BMC FootPrints is an IT service management software widely used by IT departments and service providers to streamline their workflows, manage service requests, and automate various IT processes. This software helps organizations improve their operational efficiency by providing a centralized platform for incident management, problem management, and change management. BMC FootPrints is commonly utilized in environments where strong IT governance and compliance are critical, such as corporate, educational, and public sector organizations. It supports integration with other IT service management tools, enhancing the overall IT ecosystem in which it operates. FootPrints is designed to handle complex IT service requirements, making it a vital tool for IT departments aiming to deliver high-quality service to their users and stakeholders.
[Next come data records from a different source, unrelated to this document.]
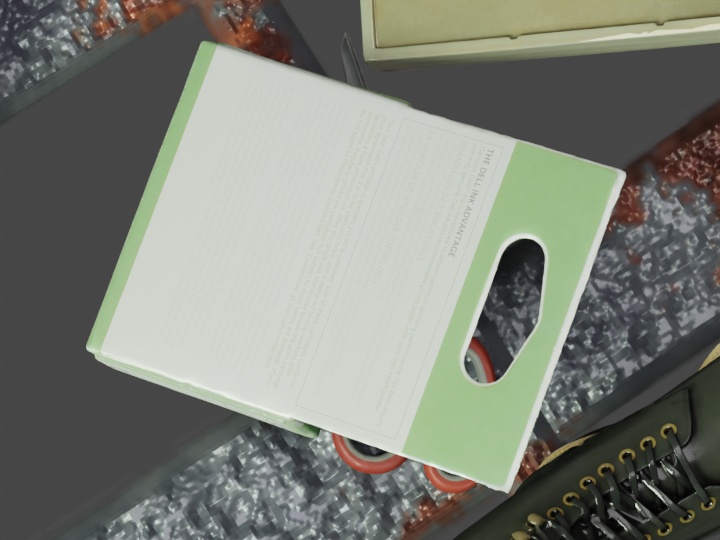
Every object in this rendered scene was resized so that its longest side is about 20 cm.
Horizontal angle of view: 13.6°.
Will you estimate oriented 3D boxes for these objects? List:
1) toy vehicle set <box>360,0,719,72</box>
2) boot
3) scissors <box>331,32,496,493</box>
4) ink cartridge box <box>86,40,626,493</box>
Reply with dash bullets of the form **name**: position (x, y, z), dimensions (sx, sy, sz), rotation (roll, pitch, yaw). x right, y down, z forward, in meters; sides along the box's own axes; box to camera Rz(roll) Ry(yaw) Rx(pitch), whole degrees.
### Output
- **toy vehicle set**: position (0.096, -0.157, 1.306), dimensions (0.198, 0.027, 0.125), rotation (-4, 83, 13)
- **boot**: position (0.115, 0.091, 1.193), dimensions (0.138, 0.200, 0.078), rotation (-26, 81, -49)
- **scissors**: position (0.024, -0.004, 1.317), dimensions (0.073, 0.014, 0.202), rotation (0, 81, 1)
- **ink cartridge box**: position (0.000, 0.000, 1.269), dimensions (0.199, 0.048, 0.146), rotation (18, 82, 18)
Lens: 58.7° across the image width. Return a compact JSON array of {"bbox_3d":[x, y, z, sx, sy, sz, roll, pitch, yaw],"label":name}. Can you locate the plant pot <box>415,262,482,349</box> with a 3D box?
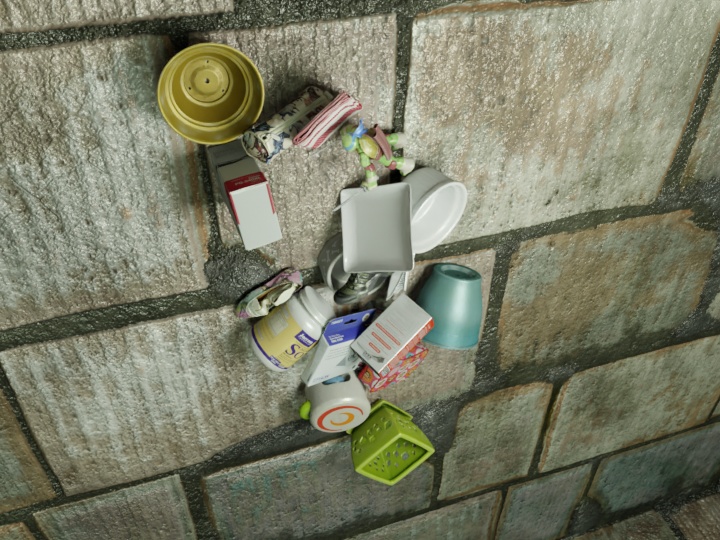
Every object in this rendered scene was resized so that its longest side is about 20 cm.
[{"bbox_3d":[0.246,0.087,1.751,0.200,0.200,0.188,1,112,-23],"label":"plant pot"}]

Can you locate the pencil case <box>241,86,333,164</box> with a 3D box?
[{"bbox_3d":[-0.144,-0.298,1.299,0.200,0.089,0.078,-42,111,-24],"label":"pencil case"}]

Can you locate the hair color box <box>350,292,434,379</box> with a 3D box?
[{"bbox_3d":[0.083,0.170,1.666,0.200,0.111,0.064,-43,153,-11],"label":"hair color box"}]

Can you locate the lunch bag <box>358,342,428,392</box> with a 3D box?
[{"bbox_3d":[0.092,0.281,1.867,0.200,0.082,0.176,-8,137,-50],"label":"lunch bag"}]

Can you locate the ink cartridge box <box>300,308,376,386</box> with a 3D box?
[{"bbox_3d":[-0.045,0.201,1.680,0.199,0.041,0.200,-11,135,-50],"label":"ink cartridge box"}]

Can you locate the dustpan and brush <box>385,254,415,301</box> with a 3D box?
[{"bbox_3d":[0.120,-0.017,1.678,0.057,0.140,0.201,11,94,10],"label":"dustpan and brush"}]

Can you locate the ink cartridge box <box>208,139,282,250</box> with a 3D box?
[{"bbox_3d":[-0.242,-0.162,1.335,0.083,0.200,0.145,-20,132,-12],"label":"ink cartridge box"}]

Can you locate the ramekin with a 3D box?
[{"bbox_3d":[0.153,-0.149,1.537,0.200,0.098,0.201,-33,148,-24],"label":"ramekin"}]

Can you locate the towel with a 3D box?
[{"bbox_3d":[-0.063,-0.303,1.318,0.144,0.200,0.023,-40,91,12],"label":"towel"}]

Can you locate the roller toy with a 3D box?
[{"bbox_3d":[-0.067,0.373,1.876,0.182,0.140,0.200,-39,134,25],"label":"roller toy"}]

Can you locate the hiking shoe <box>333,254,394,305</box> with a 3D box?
[{"bbox_3d":[0.000,0.000,1.583,0.200,0.076,0.101,-40,120,1],"label":"hiking shoe"}]

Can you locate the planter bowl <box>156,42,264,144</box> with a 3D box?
[{"bbox_3d":[-0.292,-0.353,1.236,0.200,0.084,0.201,-12,131,-14],"label":"planter bowl"}]

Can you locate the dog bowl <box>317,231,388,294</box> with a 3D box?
[{"bbox_3d":[-0.009,-0.012,1.645,0.200,0.059,0.200,-12,130,-15],"label":"dog bowl"}]

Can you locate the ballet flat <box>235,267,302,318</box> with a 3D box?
[{"bbox_3d":[-0.229,0.070,1.610,0.200,0.071,0.069,-35,132,7],"label":"ballet flat"}]

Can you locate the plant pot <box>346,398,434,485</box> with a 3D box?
[{"bbox_3d":[0.083,0.537,2.042,0.199,0.182,0.200,-43,130,13],"label":"plant pot"}]

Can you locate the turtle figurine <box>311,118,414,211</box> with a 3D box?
[{"bbox_3d":[0.009,-0.251,1.418,0.194,0.144,0.200,-4,130,-39],"label":"turtle figurine"}]

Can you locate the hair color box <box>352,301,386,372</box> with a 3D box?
[{"bbox_3d":[0.012,0.191,1.815,0.099,0.061,0.200,23,115,-35],"label":"hair color box"}]

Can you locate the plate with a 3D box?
[{"bbox_3d":[0.043,-0.096,1.480,0.032,0.200,0.200,-4,92,-53],"label":"plate"}]

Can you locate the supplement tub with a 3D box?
[{"bbox_3d":[-0.174,0.149,1.647,0.200,0.146,0.145,-40,131,12],"label":"supplement tub"}]

The Deserialization of Untrusted Data vulnerability allows attackers to execute arbitrary code through the deserialization of maliciously crafted objects. This vulnerability typically arises when an application deserializes objects from untrusted sources without appropriate validation or sanitization. Exploiting this flaw, an attacker could potentially inject harmful payloads that are deserialized into executable code by the application. In the context of BMC FootPrints, this vulnerability can lead to unauthorized execution of commands on the server, severely compromising the security of the application environment. It is a critical vulnerability that needs urgent addressing to prevent attackers from gaining unauthorized access or control over the application and its underlying resources.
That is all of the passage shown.